Material for this exercise:

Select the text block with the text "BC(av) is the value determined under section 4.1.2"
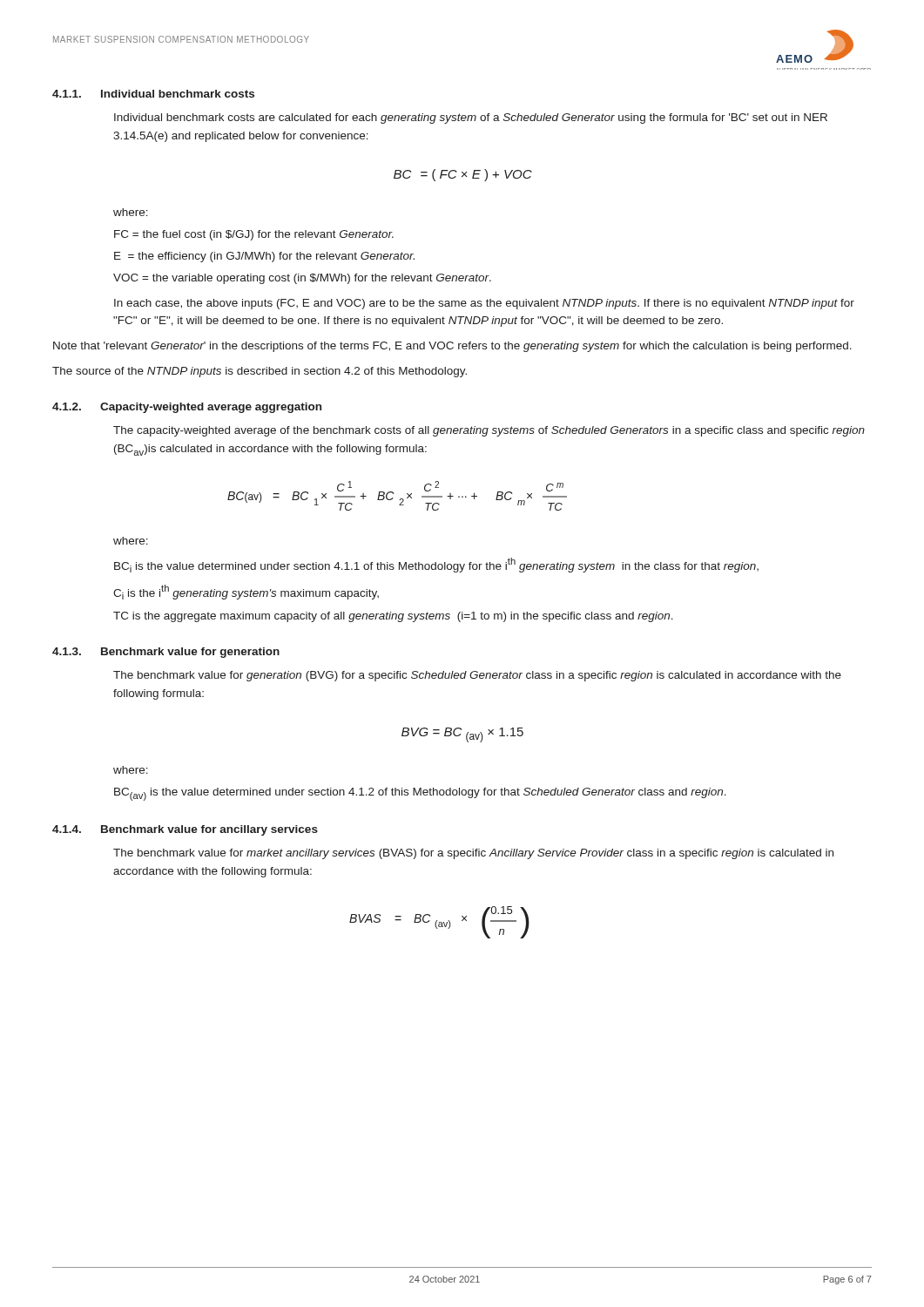[420, 793]
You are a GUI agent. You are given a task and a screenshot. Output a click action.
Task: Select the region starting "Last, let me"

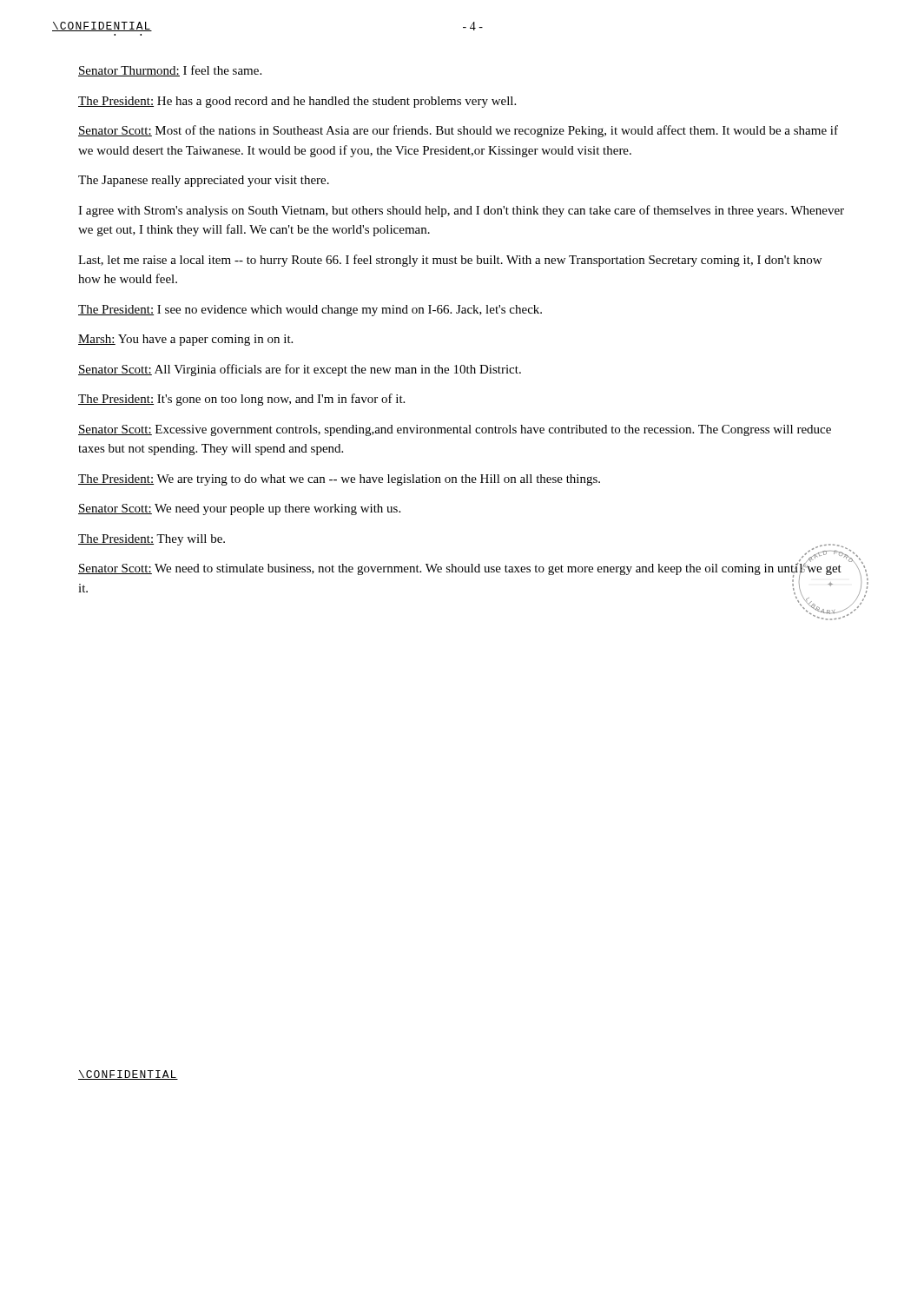pos(450,269)
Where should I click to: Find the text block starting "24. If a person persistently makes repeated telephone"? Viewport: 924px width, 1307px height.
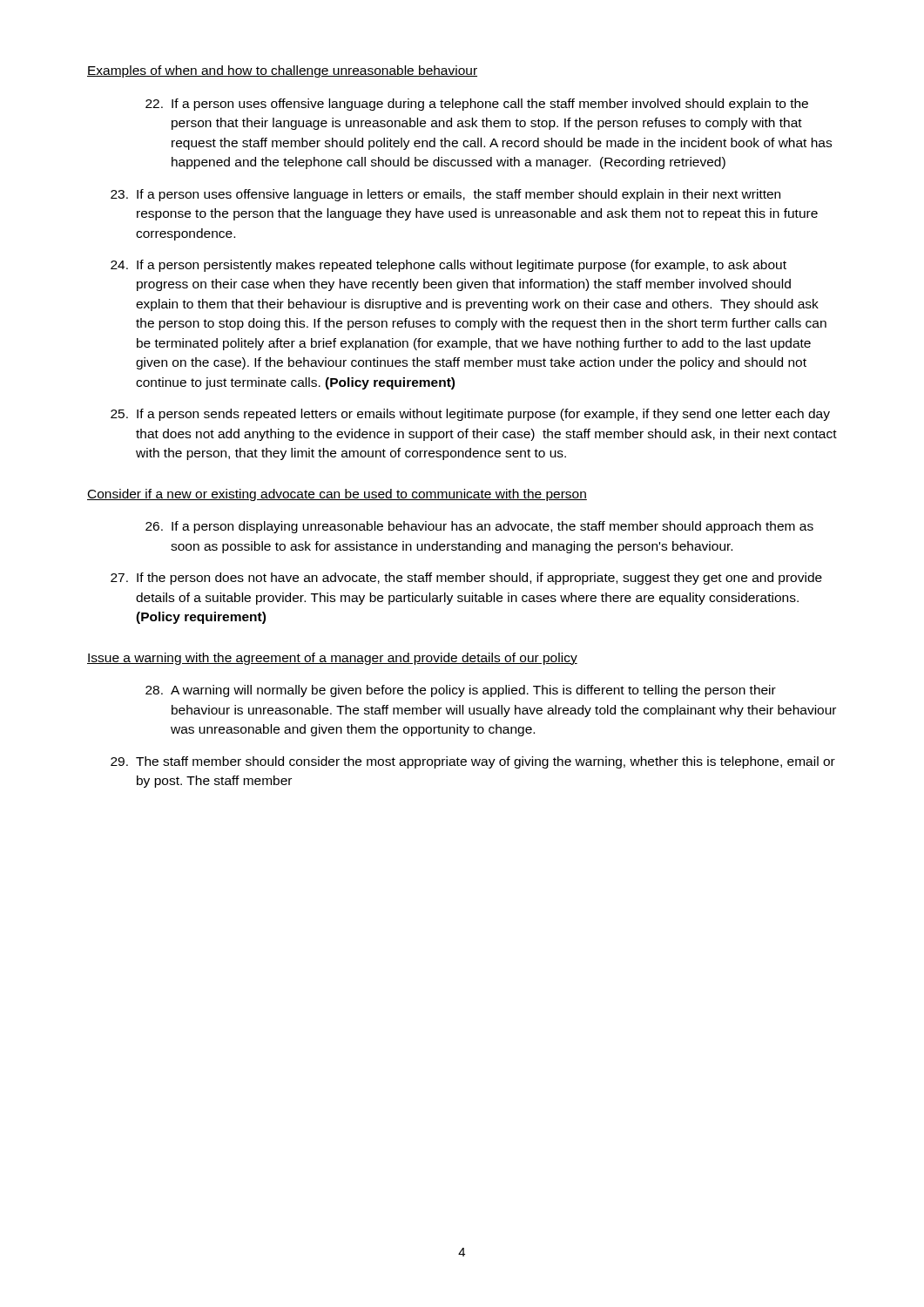pos(462,324)

Assignment: What the answer needs is every line from the one with "Where should I" through the last line of the data, reproduced word for word and with pictures omitted.

Solution for this exercise:
Where should I click to: Find the text block starting "24. If a person persistently makes repeated telephone"? Viewport: 924px width, 1307px height.
pos(462,324)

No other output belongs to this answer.